July 22, 2019 – The Debtors requested Court authority to access (i) $100.0mn in debtor-in-possession (“DIP”) financing, including $65.0mn on interim basis, (the “DIP Term Loan”) and (iii) use of cash collateral [Docket No. 37]. The DIP facility as proposed also includes an option to borrow an additional $20.0mn (the "Incremental Facility").
The motion states, “By this Motion, the Debtors request that the Court approve $100 million in senior secured debtor-in-possession financing (the ‘DIP Financing’) provided to the Debtors by those certain existing term loan lenders or affiliates or subsidiaries thereof, including on behalf of, as the investment advisors to, or managers of, certain investment vehicles and certain other lenders from time to time (the ‘DIP Lenders’), with Cortland Capital Markets Services LLC, as administrative and collateral agent (in such capacities, the ‘DIP Agent’ and, collectively with the DIP Lenders, the ’DIP Secured Parties’). If approved, the Debtors will use the proceeds of the DIP Financing to, among other things, maximize value for stakeholders and ensure adherence to health, safety, and environmental obligations while pursuing other significant sources of value for their estates, including property and business interruption insurance claims for the losses caused by the Girard Point Incident.
The use of cash collateral alone would be insufficient to meet the Debtors’ post-petition liquidity needs. While the use of Cash Collateral will allow the Debtors to continue operations in the short-term, and conduct critical operations including the shut down and idling of the Debtors’ refining facilities, removal of elevated risk chemicals, and placement of equipment in a safe state; this cash on its own is insufficient to fund the Chapter 11 Cases. The DIP Financing provides additional liquidity that is essential to fund the administrative cost of these Chapter 11 Cases, conduct a marketing and sale process to identify value-maximizing transactions, and to pay certain critical suppliers and other participants in the Debtors’ supply chain in the ordinary course. Without access to the DIP Financing, the Debtors likely would need to liquidate in the near term, to the serious detriment of their stakeholders, and in a manner that could create unnecessary risk to the community.

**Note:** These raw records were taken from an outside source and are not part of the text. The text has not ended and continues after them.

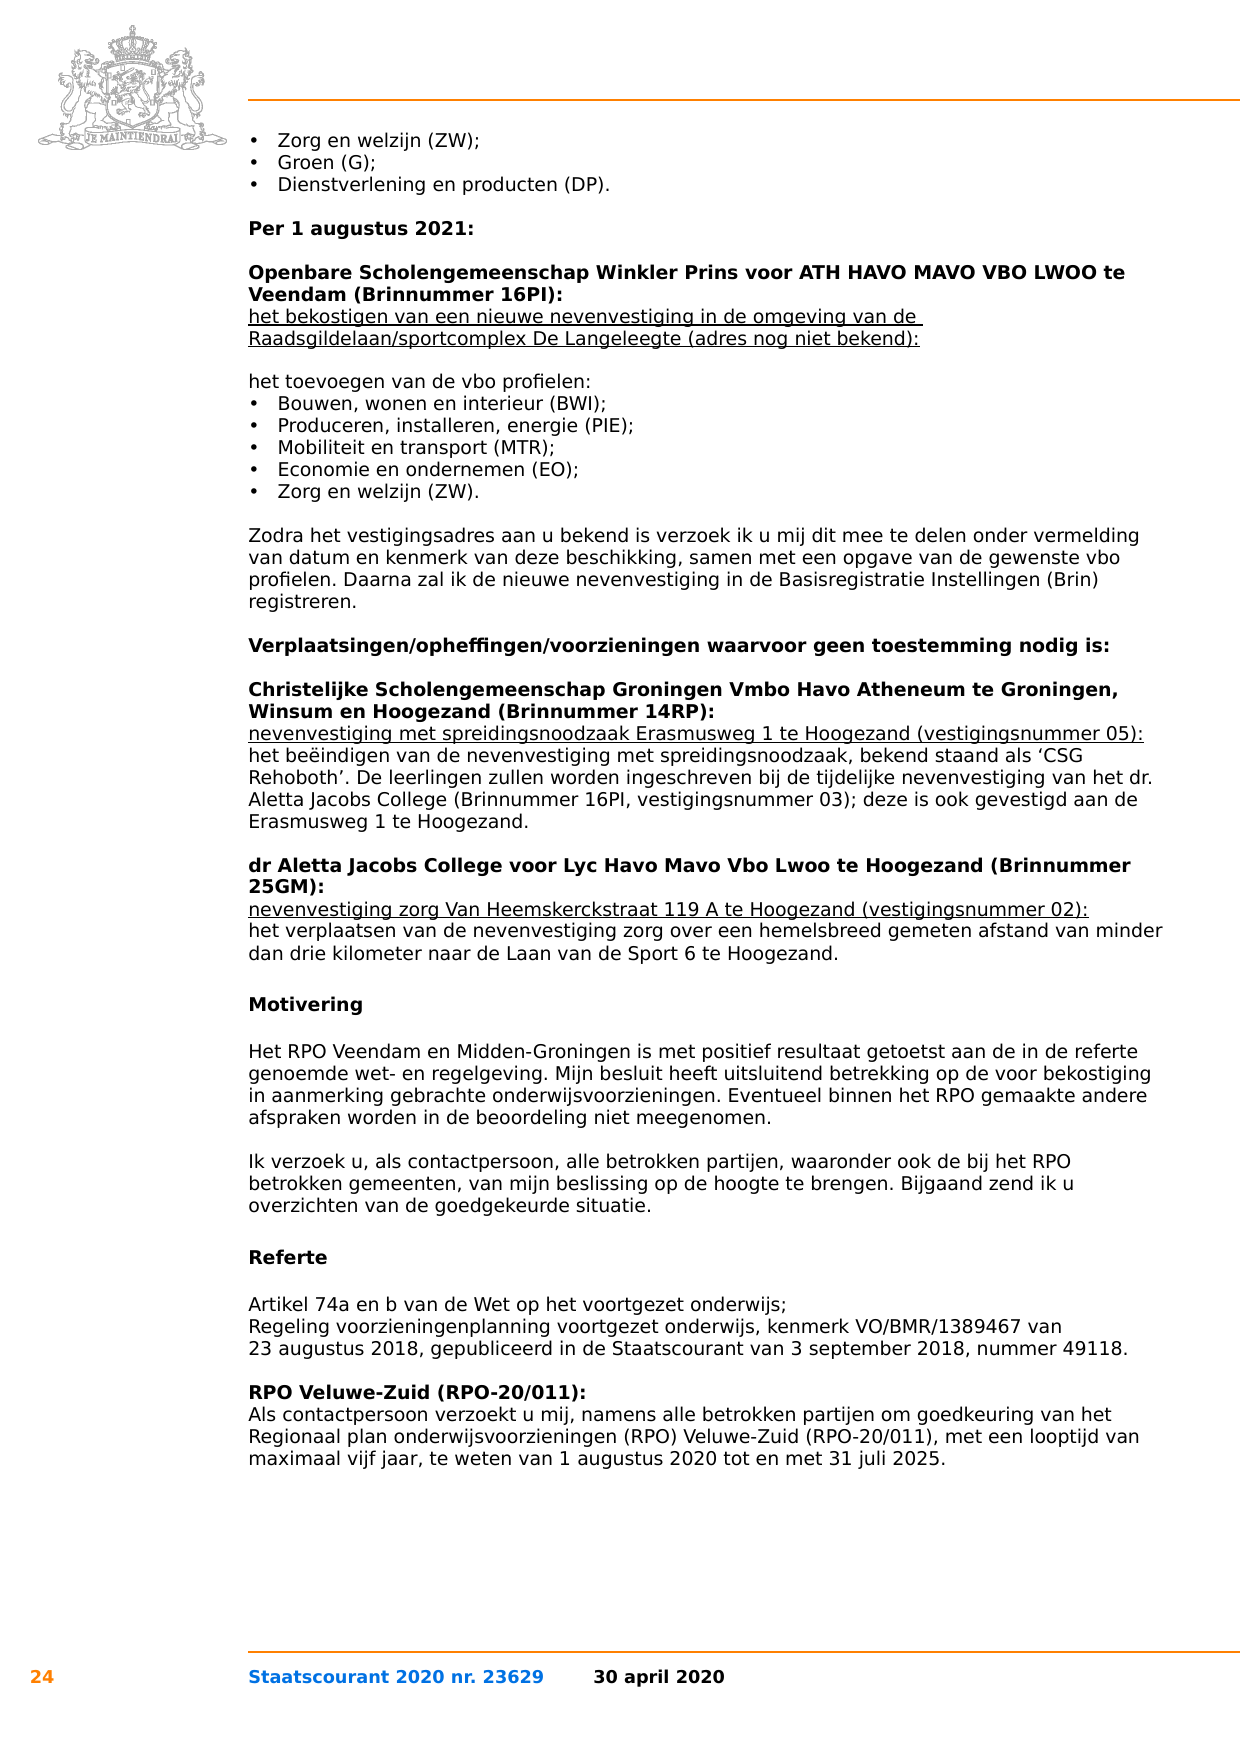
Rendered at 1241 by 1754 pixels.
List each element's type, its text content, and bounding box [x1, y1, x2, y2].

text Regeling voorzieningenplanning voortgezet onderwijs, kenmerk VO/BMR/1389467 van 23 augustus 2018, gepubliceerd in de Staatscourant van 3 september 2018, nummer 49118. [248, 1316, 1163, 1360]
text nevenvestiging met spreidingsnoodzaak Erasmusweg 1 te Hoogezand (vestigingsnummer 05): [248, 723, 1163, 745]
subtitle Referte [248, 1247, 1163, 1269]
text Het RPO Veendam en Midden-Groningen is met positief resultaat getoetst aan de in de referte genoemde wet- en regelgeving. Mijn besluit heeft uitsluitend betrekking op de voor bekostiging in aanmerking gebrachte onderwijsvoorzieningen. Eventueel binnen het RPO gemaakte andere afspraken worden in de beoordeling niet meegenomen. [248, 1041, 1163, 1129]
text Als contactpersoon verzoekt u mij, namens alle betrokken partijen om goedkeuring van het Regionaal plan onderwijsvoorzieningen (RPO) Veluwe-Zuid (RPO-20/011), met een looptijd van maximaal vijf jaar, te weten van 1 augustus 2020 tot en met 31 juli 2025. [248, 1404, 1163, 1470]
text • Dienstverlening en producten (DP). [248, 174, 1163, 196]
text Zodra het vestigingsadres aan u bekend is verzoek ik u mij dit mee te delen onder vermelding van datum en kenmerk van deze beschikking, samen met een opgave van de gewenste vbo profielen. Daarna zal ik de nieuwe nevenvestiging in de Basisregistratie Instellingen (Brin) registreren. [248, 525, 1163, 613]
text • Bouwen, wonen en interieur (BWI); [248, 393, 1163, 415]
text Christelijke Scholengemeenschap Groningen Vmbo Havo Atheneum te Groningen, Winsum en Hoogezand (Brinnummer 14RP): [248, 679, 1163, 723]
picture [38, 25, 227, 150]
text Ik verzoek u, als contactpersoon, alle betrokken partijen, waaronder ook de bij het RPO betrokken gemeenten, van mijn beslissing op de hoogte te brengen. Bijgaand zend ik u overzichten van de goedgekeurde situatie. [248, 1151, 1163, 1217]
text • Economie en ondernemen (EO); [248, 459, 1163, 481]
text dr Aletta Jacobs College voor Lyc Havo Mavo Vbo Lwoo te Hoogezand (Brinnummer 25GM): [248, 854, 1163, 898]
text Per 1 augustus 2021: [248, 218, 1163, 240]
text nevenvestiging zorg Van Heemskerckstraat 119 A te Hoogezand (vestigingsnummer 02): [248, 898, 1163, 920]
text Artikel 74a en b van de Wet op het voortgezet onderwijs; [248, 1294, 1163, 1316]
text • Zorg en welzijn (ZW); [248, 130, 1163, 152]
text • Mobiliteit en transport (MTR); [248, 437, 1163, 459]
text het verplaatsen van de nevenvestiging zorg over een hemelsbreed gemeten afstand van minder dan drie kilometer naar de Laan van de Sport 6 te Hoogezand. [248, 920, 1163, 964]
text • Zorg en welzijn (ZW). [248, 481, 1163, 503]
text Verplaatsingen/opheffingen/voorzieningen waarvoor geen toestemming nodig is: [248, 635, 1163, 657]
text RPO Veluwe-Zuid (RPO-20/011): [248, 1382, 1163, 1404]
text • Groen (G); [248, 152, 1163, 174]
text • Produceren, installeren, energie (PIE); [248, 415, 1163, 437]
text het bekostigen van een nieuwe nevenvestiging in de omgeving van de Raadsgildelaan/sportcomplex De Langeleegte (adres nog niet bekend): [248, 306, 1163, 349]
subtitle Motivering [248, 994, 1163, 1016]
text het toevoegen van de vbo profielen: [248, 371, 1163, 393]
text het beëindigen van de nevenvestiging met spreidingsnoodzaak, bekend staand als ‘CSG Rehoboth’. De leerlingen zullen worden ingeschreven bij de tijdelijke nevenvestiging van het dr. Aletta Jacobs College (Brinnummer 16PI, vestigingsnummer 03); deze is ook gevestigd aan de Erasmusweg 1 te Hoogezand. [248, 745, 1163, 833]
text Openbare Scholengemeenschap Winkler Prins voor ATH HAVO MAVO VBO LWOO te Veendam (Brinnummer 16PI): [248, 262, 1163, 306]

The Debtors believe that the DIP Financing gives the Debtors access to liquidity that is necessary to ensure that the Debtors have sufficient liquidity to stabilize their operations, provide for necessary safing of their facilities, and fund the administration of these chapter 11 cases as the Debtors seek to implement a restructuring process. Finally, the Debtors believe that the DIP Financing is on the most favorable terms available, presents the best—and likely only— option for the Debtors to sell their businesses as a going concern, was negotiated in good faith and at arm’s length, and will allow the Debtors to maximize the value of their estates for the benefit of all parties in interest.”
Key Terms of the DIP Facility:
- Borrower: PES Holdings, LLC.
- Guarantor(s): All Debtor affiliates of the Borrower.
- Lenders: Those certain Existing Term Loan Lenders that have agreed to provide commitments to fund the DIP Facility.
- Term: Initial Maturity Date, April 30, 2020.
- Commitment: Aggregate committed principal amount of up to $100.0mn with an Initial Commitment of $65.0mn, and an option to draw up to an additional $20.0mn of Incremental Loans.
- Interest Rates:
- Each Eurodollar Loan shall bear interest for each day during each Interest Period with respect thereto at a rate per annum equal to the Eurodollar Rate determined for such day plus the Applicable Margin.
- Each ABR Loan shall bear interest at a rate per annum equal to the ABR plus the Applicable Margin.
- (i) If all or a portion of the principal amount of any Loan shall not be paid when due (whether at the stated maturity, by acceleration or otherwise), all overdue Loans shall bear interest at a rate per annum equal to in the case of the Loans, the rate that would otherwise be applicable thereto pursuant to the foregoing provisions of Section 2.09(c) plus 2% and (ii) if all or a portion of any interest payable on any Loan or other amount payable hereunder shall not be paid when due (whether at the stated maturity, by acceleration or otherwise), such overdue amount shall bear interest at a rate per annum equal to the rate then applicable to ABR Loans under the relevant Facility plus 2% in each case, with respect to clauses (i) and (ii) above, from the date of such non-payment until such amount is paid in full (as well after as before judgment).
- DIP Funding Fee. Each DIP Facility Lender shall receive a funding fee in an amount equal to 8% of any Loan made by such DIP Facility Lender payable in cash on the earliest to occur of (I) the repayment of such Loan, (II) the Maturity Date and (III) the acceleration of the Loan.
- Undrawn Fee: Each DIP Lender shall receive an undrawn fee in an amount equal to 3% per annum of the undrawn outstanding commitments of such Lender under the DIP Facility, payable in cash on the earliest to occur of (I) the repayment of such Loan, (II) the Maturity Date and (III) the acceleration of the Loan.
- Financial Covenant: Minimum liquidity to be no less than $2,500,000 plus an agreed amount of post-trigger carevout, tested weekly.